Normalmente, il viaggio di un eroe, o antieroe, come The Punisher è uno di quelli solitari – ragione per cui non ha fatto parte dei Defenders -, tuttavia, questa volta ha bisogno di fare gioco di squadra, prendendosi a carico la vita di una ragazzina a cui si affezionerà quasi fosse una figlia, accompagnato dal coraggio e dalla fedeltà di Curtis, e spalleggiato da una Madani combattuta, che vorrebbe fare la cosa giusta, ma che allo stesso tempo vede nella morte di Russo la sola fine dell’incubo in cui è imprigionata. Il rapporto tra Frank e la giovane ragazza si evolve con il passare delle puntate, passando per la durezza del personaggio principale, arricchendosi anche in un finale tenero ed emotivo. Alla frase “se fai del male alla ragazza, ti ammazzo!”, urlata più volte da Frank, è facile intuire quanto il punitore abbia il cuore sciolto dagli occhi chiari di un’adolescente.
Oltre agli amici, però, come sempre ci sono i cattivi. Questa volta le nemesi sono due. La prima è il solito Billy Russo che, sfregiato e affetto da una perdita di memoria, si affiderà alle cure e alla passione della sua psichiatra con cui condivide il dolore evocato del passato, e perfino ad una famiglia di ex militari che lui stesso formerà. La seconda è un ex nazista redento, dedito ormai alla preghiera, alla fede e all’amore per una moglie che si sta spegnendo beccata da una brutta malattia e alla fedeltà per un uomo molto ricco, manipolatore e burattinaio, lo stesso che sta dando la caccia alla ragazzina protetta da Frank. John Pilgrim, questo è il nome della seconda nemesi di Frank, è un uomo tutto d’un pezzo, di poche parole, che odia le parolacce, che vive secondo un credo preciso, ma che accetta perfino l’omicidio quando la vittima lo merita. Infondo, non è poi così diverso da Frank.

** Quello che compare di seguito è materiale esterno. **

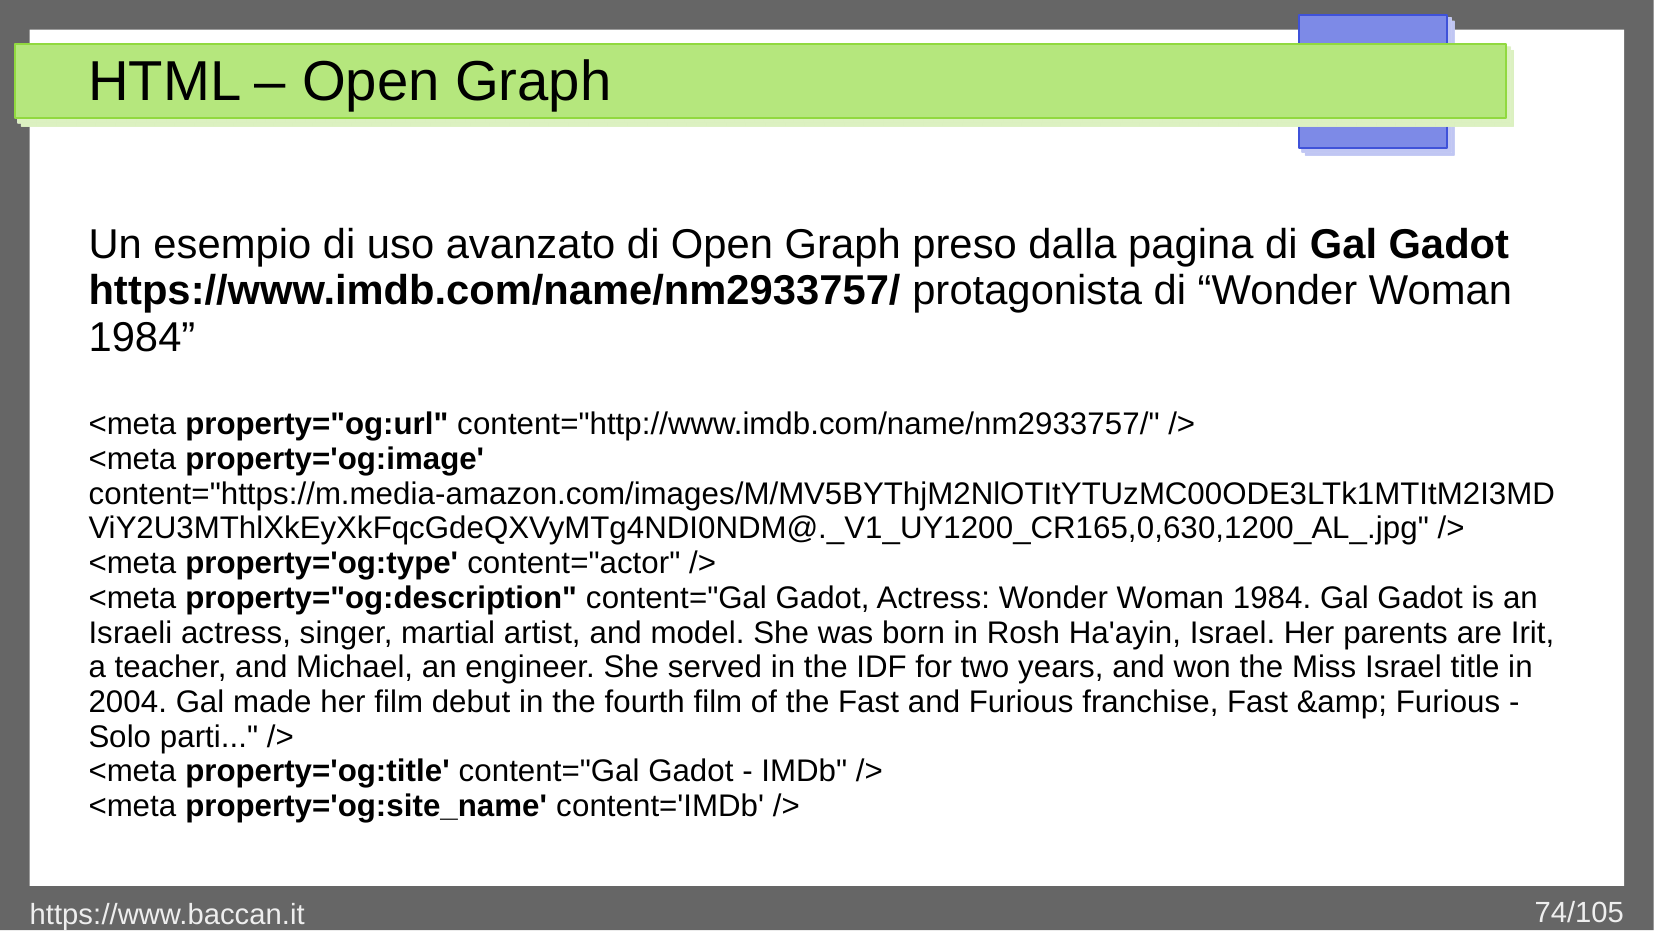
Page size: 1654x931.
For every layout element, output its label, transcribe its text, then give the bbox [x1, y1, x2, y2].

title HTML – Open Graph [88, 44, 1506, 119]
text_box Un esempio di uso avanzato di Open Graph preso dalla pagina di Gal Gadot https://www.imdb.com/name/nm2933757/ protagonista di “Wonder Woman 1984” <meta property="og:url" content="http://www.imdb.com/name/nm2933757/" /> <meta property='og:image' content="https://m.media-amazon.com/images/M/MV5BYThjM2NlOTItYTUzMC00ODE3LTk1MTItM2I3MDViY2U3MThlXkEyXkFqcGdeQXVyMTg4NDI0NDM@._V1_UY1200_CR165,0,630,1200_AL_.jpg" /> <meta property='og:type' content="actor" /> <meta property="og:description" content="Gal Gadot, Actress: Wonder Woman 1984. Gal Gadot is an Israeli actress, singer, martial artist, and model. She was born in Rosh Ha'ayin, Israel. Her parents are Irit, a teacher, and Michael, an engineer. She served in the IDF for two years, and won the Miss Israel title in 2004. Gal made her film debut in the fourth film of the Fast and Furious franchise, Fast &amp; Furious - Solo parti..." /> <meta property='og:title' content="Gal Gadot - IMDb" /> <meta property='og:site_name' content='IMDb' /> [88, 157, 1565, 886]
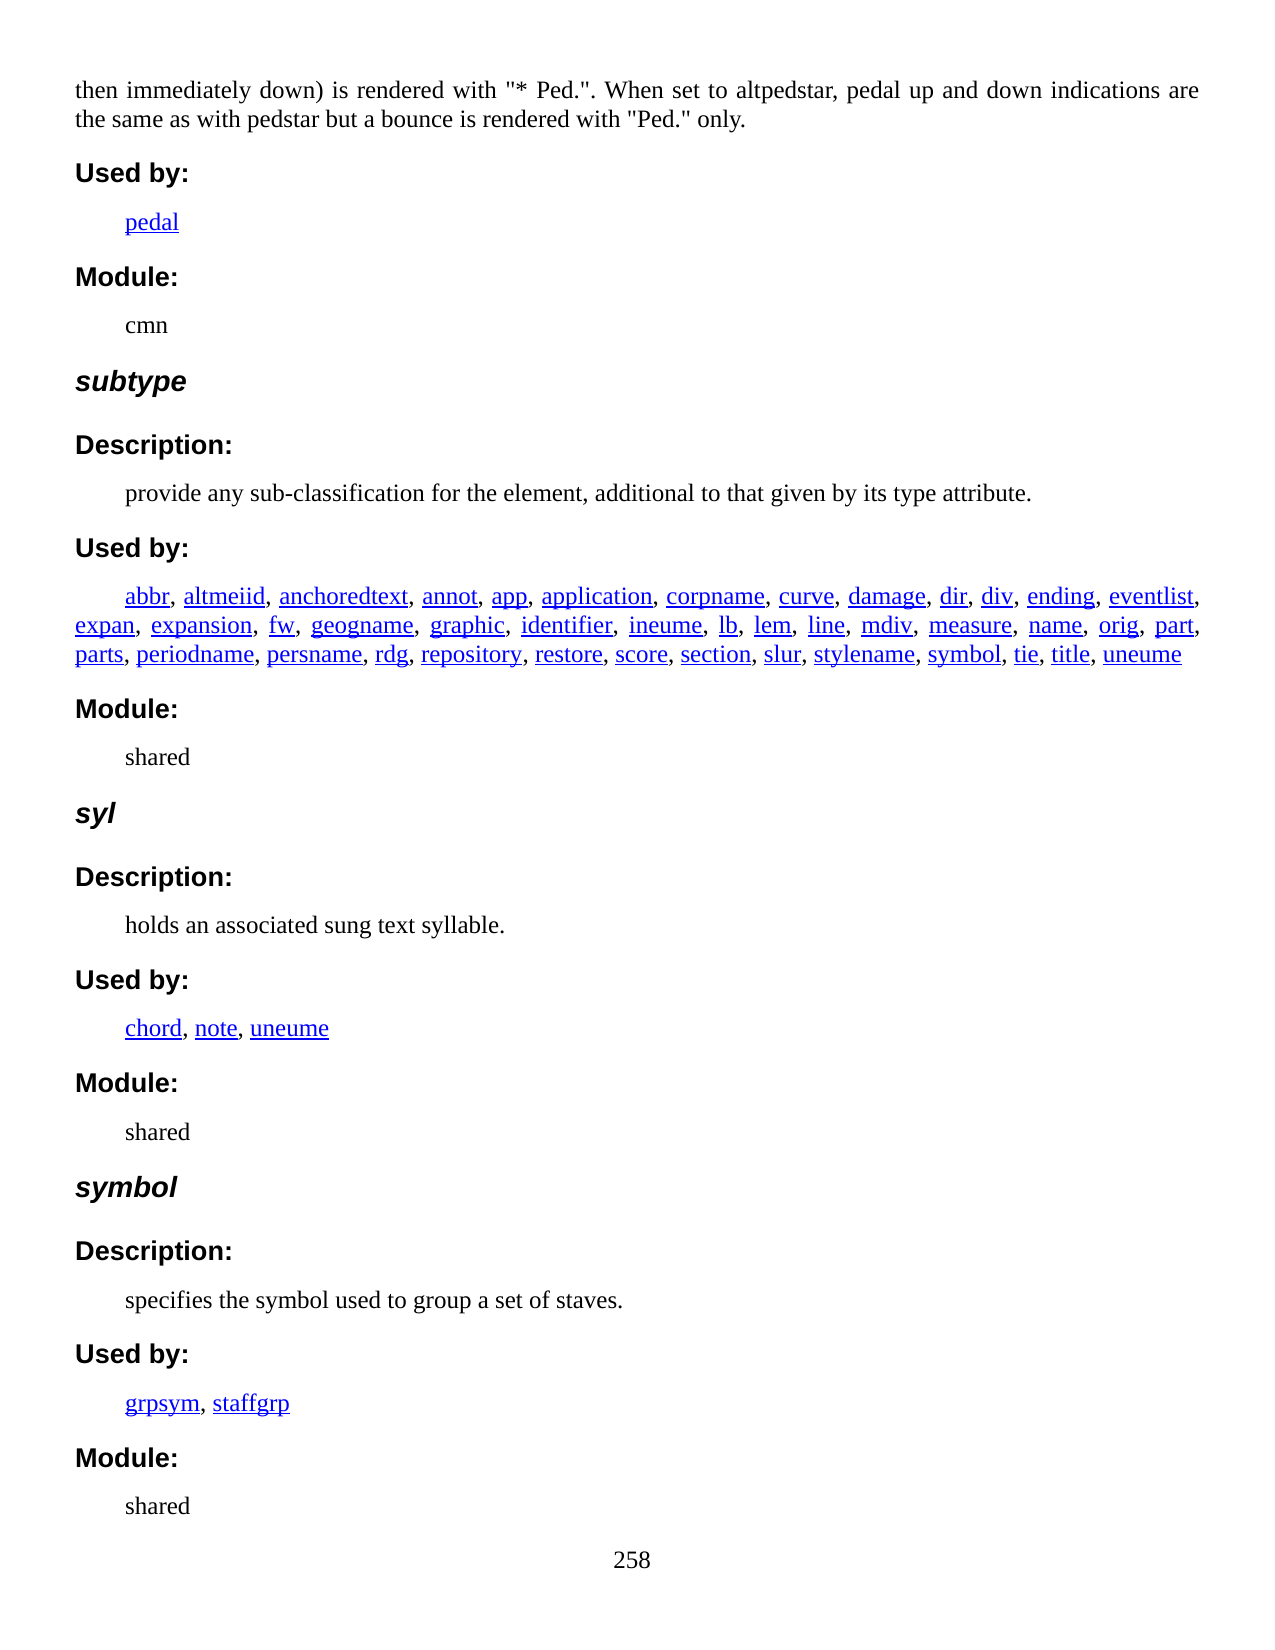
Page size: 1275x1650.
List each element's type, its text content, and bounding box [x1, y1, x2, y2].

text chord, note, uneume [75, 1013, 1200, 1042]
subtitle Used by: [75, 964, 1200, 995]
subtitle Module: [75, 261, 1200, 292]
text provide any sub-classification for the element, additional to that given by its type attribute. [75, 478, 1200, 507]
text cmn [75, 310, 1200, 339]
subtitle Description: [75, 861, 1200, 892]
text pedal [75, 207, 1200, 236]
text shared [75, 742, 1200, 771]
text shared [75, 1491, 1200, 1520]
text then immediately down) is rendered with "* Ped.". When set to altpedstar, pedal up and down indications are the same as with pedstar but a bounce is rendered with "Ped." only. [75, 75, 1200, 132]
subtitle Module: [75, 1067, 1200, 1098]
subtitle subtype [75, 364, 1200, 397]
subtitle Module: [75, 693, 1200, 724]
text specifies the symbol used to group a set of staves. [75, 1285, 1200, 1313]
subtitle Used by: [75, 532, 1200, 563]
subtitle Description: [75, 429, 1200, 460]
subtitle syl [75, 796, 1200, 829]
text grpsym, staffgrp [75, 1388, 1200, 1417]
subtitle Used by: [75, 157, 1200, 189]
subtitle Module: [75, 1442, 1200, 1473]
subtitle symbol [75, 1170, 1200, 1204]
subtitle Description: [75, 1235, 1200, 1266]
text holds an associated sung text syllable. [75, 910, 1200, 939]
subtitle Used by: [75, 1338, 1200, 1370]
text shared [75, 1117, 1200, 1145]
text abbr, altmeiid, anchoredtext, annot, app, application, corpname, curve, damage, dir, div, ending, eventlist, expan, expansion, fw, geogname, graphic, identifier, ineume, lb, lem, line, mdiv, measure, name, orig, part, parts, periodname, persname, rdg, repository, restore, score, section, slur, stylename, symbol, tie, title, uneume [75, 581, 1200, 668]
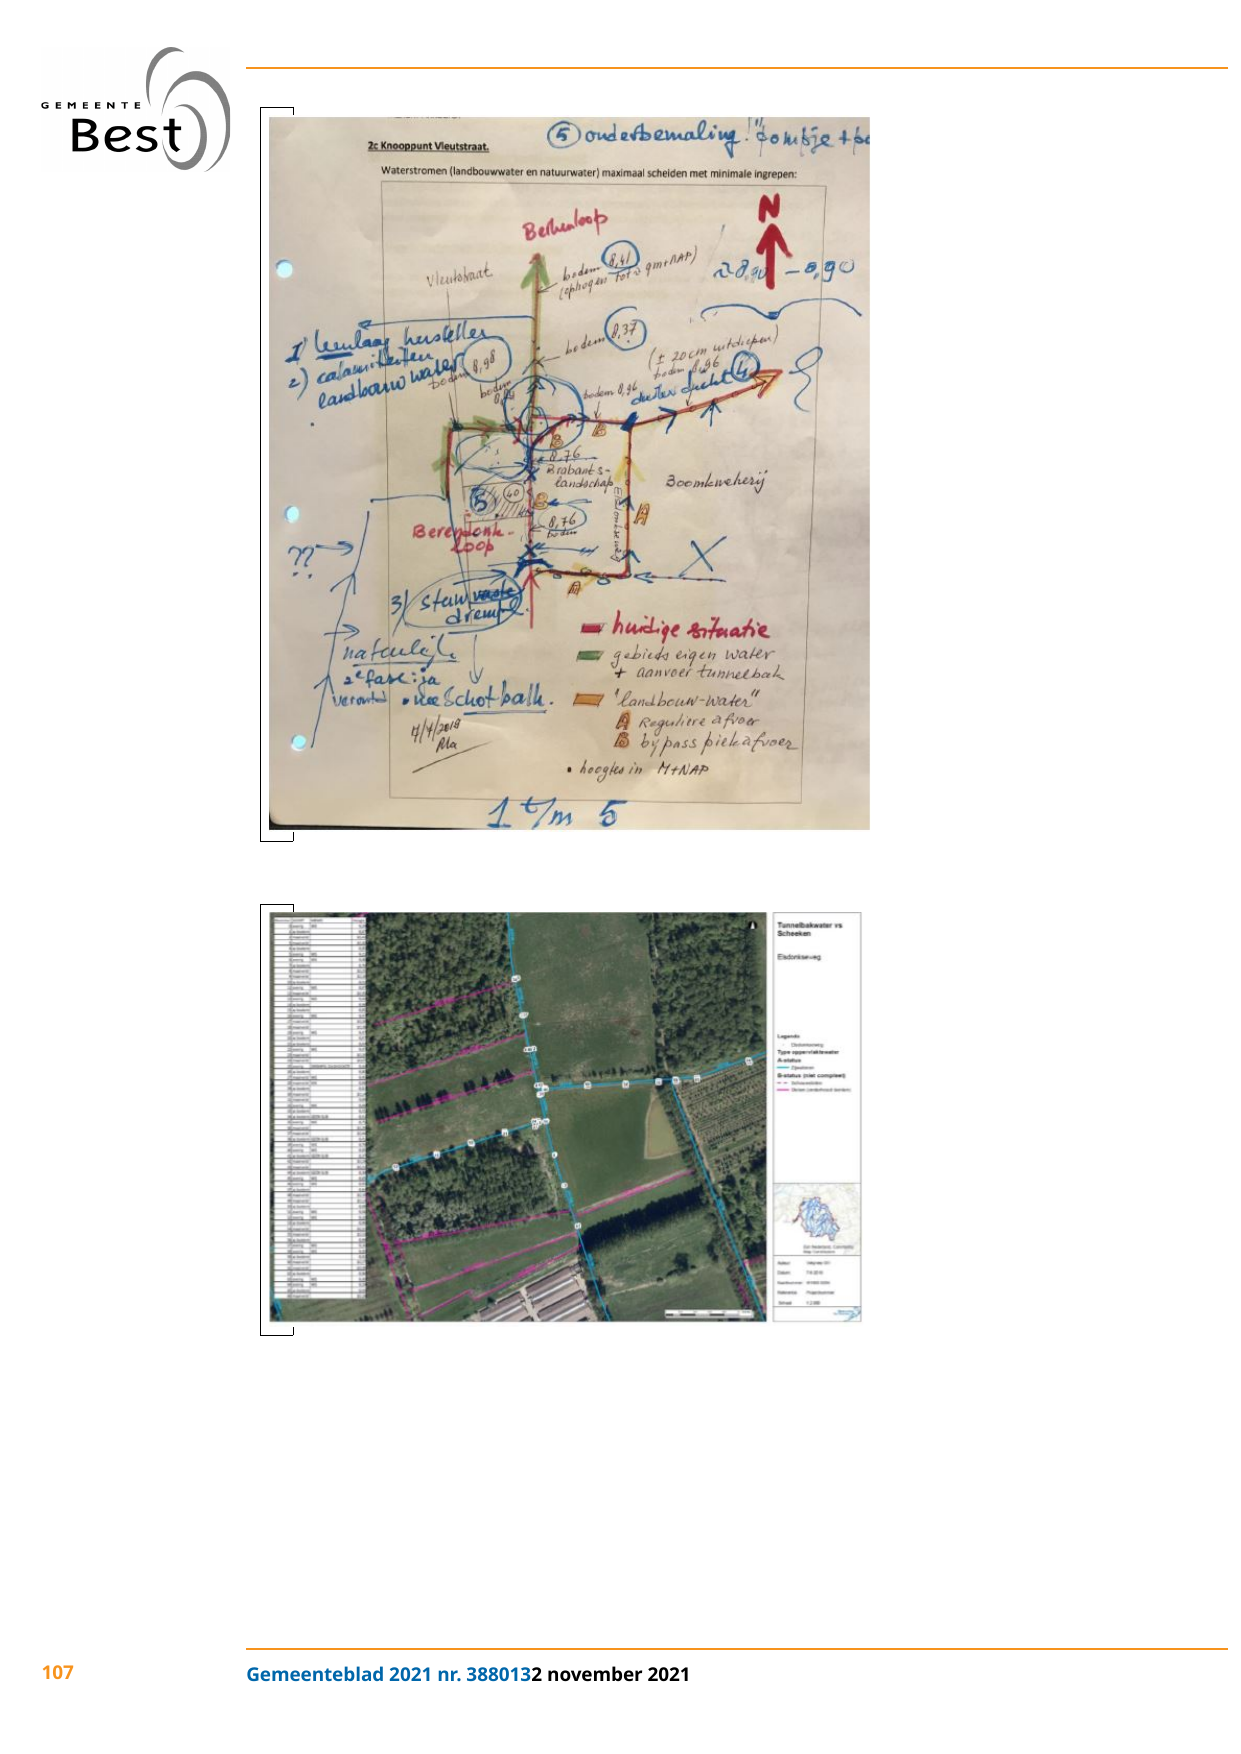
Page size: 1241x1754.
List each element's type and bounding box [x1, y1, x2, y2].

picture [41, 47, 231, 172]
picture [268, 115, 873, 832]
picture [268, 912, 864, 1327]

Un po’ meno spinto dalla vendetta, esaurita quasi totalmente nel primo capitolo, il The Punisher della seconda stagione è comunque un personaggio che funziona e come nel piccolo schermo. Il suo codice etico è quasi una religione, tanto come la sua crudeltà di fronte al male. Frank, però, sa amare, e non lo fa solo con i suoi ricordi più cari, ma finalmente lo dimostra anche a persone in carne ed ossa: la ragazzina, Curtis e perfino verso Karen Page; a modo suo, ma anche lui sa amare.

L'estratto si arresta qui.